Çalışma sonuçlarından en dikkat çekici olanları şöyle sıralanıyor:
* Yüzde 49’u kendisi, yüzde 79’u ise sevdikleri için salgını tehdit görüyor.
* Yüzde 85’i vaka sayısının artmasından, yüzde 60’ı günlük hayatındaki kısıtlamalardan, yüzde 80’i yaşam şartlarının ne zaman sona ereceğinin belirsizliğinden endişeli.
* Yüzde 62’si Covid 19 hakkında kendini yeteri kadar bilgi sahibi görüyor.
* Yüzde 68’i aile ve arkadaşlardan aldığı sosyal desteği yeterli buluyor.
* Yüzde 54’ü bu süreçte yeni uğraşlar (yeni yemekler, çok parçalı yap-bozlar, örgü vb.) edinmiş.
* Yüzde 80’i Covid-19 gündemini çok sık takip ediyor.
* Yüzde 58’i çok ciddi ekonomik kaygılar yaşıyor.
* Yüzde 25’i işini kaybetmekten korkuyor.
KADINLAR DAHA ENDİŞELİ AMA DAHA GÜVENLİ
Bazı özelliklere göre kaygı ve endişeler şöyle ayrılıyor:
Cinsiyet: Kadınlar belirsizlikten dolayı daha kaygılı, stresli ve üzüntülü.
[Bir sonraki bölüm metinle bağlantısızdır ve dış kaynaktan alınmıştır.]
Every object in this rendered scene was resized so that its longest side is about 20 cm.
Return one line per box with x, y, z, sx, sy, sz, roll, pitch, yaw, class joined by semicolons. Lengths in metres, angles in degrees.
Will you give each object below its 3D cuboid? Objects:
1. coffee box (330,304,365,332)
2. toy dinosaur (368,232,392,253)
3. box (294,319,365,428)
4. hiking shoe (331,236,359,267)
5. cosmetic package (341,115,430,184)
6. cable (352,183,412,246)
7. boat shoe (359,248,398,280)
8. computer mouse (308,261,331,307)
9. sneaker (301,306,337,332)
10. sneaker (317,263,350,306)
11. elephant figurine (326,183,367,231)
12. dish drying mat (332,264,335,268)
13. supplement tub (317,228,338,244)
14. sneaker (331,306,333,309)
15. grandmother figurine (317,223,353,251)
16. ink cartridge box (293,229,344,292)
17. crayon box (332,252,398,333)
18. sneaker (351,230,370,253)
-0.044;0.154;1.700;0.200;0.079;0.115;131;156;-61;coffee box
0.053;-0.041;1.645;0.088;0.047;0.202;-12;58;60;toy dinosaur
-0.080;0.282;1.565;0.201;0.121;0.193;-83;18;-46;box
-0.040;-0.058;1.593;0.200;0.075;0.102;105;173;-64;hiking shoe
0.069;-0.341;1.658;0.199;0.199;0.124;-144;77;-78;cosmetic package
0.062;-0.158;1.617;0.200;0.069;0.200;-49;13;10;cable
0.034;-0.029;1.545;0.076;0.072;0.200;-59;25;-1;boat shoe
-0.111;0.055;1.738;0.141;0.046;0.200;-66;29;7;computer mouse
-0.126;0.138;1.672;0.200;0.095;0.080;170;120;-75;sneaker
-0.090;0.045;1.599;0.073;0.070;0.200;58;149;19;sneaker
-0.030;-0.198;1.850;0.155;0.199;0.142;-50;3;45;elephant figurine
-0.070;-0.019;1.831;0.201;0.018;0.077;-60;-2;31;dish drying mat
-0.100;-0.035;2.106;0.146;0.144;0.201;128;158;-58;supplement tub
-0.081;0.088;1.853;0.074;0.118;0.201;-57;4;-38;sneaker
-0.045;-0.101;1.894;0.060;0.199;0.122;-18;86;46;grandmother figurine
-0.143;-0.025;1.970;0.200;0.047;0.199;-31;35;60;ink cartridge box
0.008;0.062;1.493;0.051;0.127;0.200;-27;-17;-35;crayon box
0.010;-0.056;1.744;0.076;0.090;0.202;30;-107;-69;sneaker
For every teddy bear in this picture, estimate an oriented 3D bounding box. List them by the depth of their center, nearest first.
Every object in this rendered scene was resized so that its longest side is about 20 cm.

Ancak belirsizlik erkeklerin eyleme geçmesini daha fazla engelliyor. Kadınlar, virüsün kontrolünde bilim insanları, doktorlar gibi başkalarından gelecek yardıma daha fazla güveniyor. Erkeklere göre, stresle baş etme becerilerinde kendilerini daha fazla kaynağa ve desteğe sahip olarak algılıyor.
EVLİLER ÇARESİZ BEKÂRLAR KAYGILI
Medeni durum: Evli olanlar durumu daha çaresizlik verici ve kontrol edilemez görüyor. Ancak bekarlar daha kaygılı. Çocuğu olanlar halsizlik, titreme, mide problemleri gibi psikosomatik tepkileri çocuksuzlara göre daha az yaşamakta. Çocukla etkileşimin kaygının fiziksel belirtilerini azalttığı düşünülmekte.
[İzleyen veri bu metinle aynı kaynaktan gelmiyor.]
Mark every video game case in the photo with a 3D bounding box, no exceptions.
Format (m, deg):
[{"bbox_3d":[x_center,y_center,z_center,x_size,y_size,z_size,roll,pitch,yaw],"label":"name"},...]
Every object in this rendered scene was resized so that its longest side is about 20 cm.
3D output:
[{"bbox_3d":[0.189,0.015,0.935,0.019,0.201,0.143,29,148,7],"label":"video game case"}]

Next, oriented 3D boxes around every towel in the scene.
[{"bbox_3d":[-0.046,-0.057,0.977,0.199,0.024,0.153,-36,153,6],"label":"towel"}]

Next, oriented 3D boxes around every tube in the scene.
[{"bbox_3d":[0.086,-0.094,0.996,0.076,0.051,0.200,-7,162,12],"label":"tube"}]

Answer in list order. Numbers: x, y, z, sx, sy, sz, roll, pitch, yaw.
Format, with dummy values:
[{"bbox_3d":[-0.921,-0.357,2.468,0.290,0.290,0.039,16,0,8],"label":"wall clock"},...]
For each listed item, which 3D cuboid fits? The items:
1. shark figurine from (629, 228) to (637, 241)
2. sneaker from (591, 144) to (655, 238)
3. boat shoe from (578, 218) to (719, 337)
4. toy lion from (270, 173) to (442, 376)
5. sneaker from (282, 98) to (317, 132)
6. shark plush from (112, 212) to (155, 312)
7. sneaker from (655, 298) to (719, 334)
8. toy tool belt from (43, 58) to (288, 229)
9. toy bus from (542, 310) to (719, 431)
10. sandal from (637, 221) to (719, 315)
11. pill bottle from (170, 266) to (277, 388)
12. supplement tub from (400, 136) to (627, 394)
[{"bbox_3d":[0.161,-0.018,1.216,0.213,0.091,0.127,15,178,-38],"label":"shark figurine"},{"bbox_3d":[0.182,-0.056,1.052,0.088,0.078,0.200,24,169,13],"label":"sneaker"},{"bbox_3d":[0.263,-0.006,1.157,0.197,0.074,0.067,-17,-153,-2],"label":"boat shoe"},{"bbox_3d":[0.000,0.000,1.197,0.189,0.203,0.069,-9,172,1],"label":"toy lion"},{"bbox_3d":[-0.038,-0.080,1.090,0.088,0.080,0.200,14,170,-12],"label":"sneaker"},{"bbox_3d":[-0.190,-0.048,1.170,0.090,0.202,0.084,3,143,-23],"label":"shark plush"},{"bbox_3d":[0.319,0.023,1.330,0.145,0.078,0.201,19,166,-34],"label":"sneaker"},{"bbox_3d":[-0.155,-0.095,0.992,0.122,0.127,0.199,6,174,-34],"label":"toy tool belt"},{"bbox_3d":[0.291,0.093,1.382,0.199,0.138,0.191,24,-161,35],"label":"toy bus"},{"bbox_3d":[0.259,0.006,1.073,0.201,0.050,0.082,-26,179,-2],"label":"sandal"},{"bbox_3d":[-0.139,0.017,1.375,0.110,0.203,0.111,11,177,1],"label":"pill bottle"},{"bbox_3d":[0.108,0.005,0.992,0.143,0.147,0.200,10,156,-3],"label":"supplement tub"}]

65 yaş üstü yakını olmak: Çevresinde Covid-19 tanısı almış olanlar ile 65 yaş üstü yalnız yaşayan yakını bulunanlar daha kaygılı.
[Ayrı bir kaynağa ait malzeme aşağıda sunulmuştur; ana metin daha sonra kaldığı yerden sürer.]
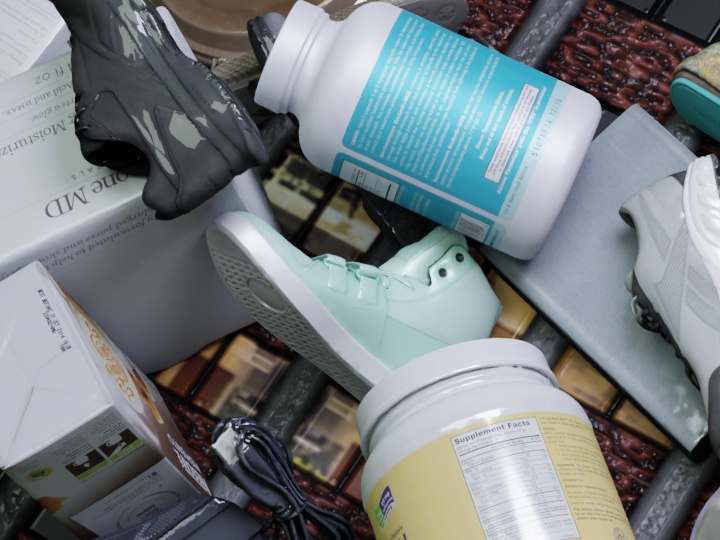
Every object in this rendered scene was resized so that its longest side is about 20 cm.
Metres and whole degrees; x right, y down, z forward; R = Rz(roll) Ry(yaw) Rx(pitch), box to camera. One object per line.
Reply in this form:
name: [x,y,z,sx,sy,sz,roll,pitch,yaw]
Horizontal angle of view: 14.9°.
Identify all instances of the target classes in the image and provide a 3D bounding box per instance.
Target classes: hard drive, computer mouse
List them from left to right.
computer mouse: [-0.111,0.185,1.669,0.199,0.139,0.053,-31,35,11]
hard drive: [0.190,0.007,1.710,0.140,0.033,0.200,-42,61,-6]

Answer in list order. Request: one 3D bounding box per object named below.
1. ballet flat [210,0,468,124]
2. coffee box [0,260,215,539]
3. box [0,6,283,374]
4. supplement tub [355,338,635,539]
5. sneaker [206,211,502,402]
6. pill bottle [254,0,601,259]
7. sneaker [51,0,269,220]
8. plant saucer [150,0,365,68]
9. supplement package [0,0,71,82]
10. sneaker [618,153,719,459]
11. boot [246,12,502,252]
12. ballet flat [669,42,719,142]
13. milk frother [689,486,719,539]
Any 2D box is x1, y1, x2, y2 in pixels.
ballet flat: [-0.024,-0.149,1.835,0.199,0.067,0.046,-24,51,11]
coffee box: [-0.170,0.094,1.681,0.080,0.200,0.115,-31,60,2]
box: [-0.165,-0.032,1.739,0.198,0.200,0.131,-24,61,3]
supplement tub: [0.083,0.156,1.607,0.145,0.145,0.201,-23,61,5]
sneaker: [0.000,0.000,1.700,0.118,0.200,0.074,-56,25,-17]
pill bottle: [0.039,-0.094,1.687,0.199,0.111,0.111,25,73,1]
sneaker: [-0.141,-0.111,1.618,0.091,0.076,0.200,-41,58,-1]
plant saucer: [-0.065,-0.230,1.903,0.199,0.029,0.201,-7,65,14]
supplement package: [-0.275,-0.093,1.852,0.109,0.114,0.200,31,77,25]
sneaker: [0.202,0.029,1.642,0.079,0.074,0.201,-19,55,18]
boot: [0.029,-0.113,1.779,0.132,0.070,0.200,-39,90,-5]
ballet flat: [0.279,-0.078,1.708,0.071,0.071,0.200,-44,61,-6]
milk frother: [0.217,0.210,1.506,0.199,0.188,0.181,-14,90,-2]

Ekonomik kaygılar: İşini kaybetme korkusu yaşayanlar belirsizlik ve kaygı içinde. Psikolojik dayanıklılıkları daha kırılgan. Durumu daha tehdit edici ve kontrol edilemez algılıyor ancak yardım aramakta zorlanıyor. Kaynakları etkili kullanamıyor.
Gelir düzeyi: Tüm gelir gruplarında virüse bağlı stres ve belirsizlik aynı derecede. Ancak gelir düzeyi (2 bin 324 TL ve altı) düşük olanlar gelir düzeyi yüksek olanlara (7 bin 500 TL ve üstü) göre daha fazla kaygılı. Psikolojik dayanıklılıkları daha düşük. Strese karşı kendilerini daha kontrolsüz hissediyor. Ama en önemlisi salgın konusunda başkalarından destek ve yardım geleceğine daha az inanmakta. Gelir düzeyi toplumsal düzeyde dikkate alınması gereken bir risk faktörü.BAHÇEŞEHİR Üniversitesi Eğitim Bilimleri Fakültesi, Psikolojik Danışma ve Rehberlik Anabilim Dalı Başkanı Prof. Dr. Özlem Karaırmak koronavirüs sürecinde belirsizlik, kaygı ve stresin insanların üzerindeki etkilerini araştırdı.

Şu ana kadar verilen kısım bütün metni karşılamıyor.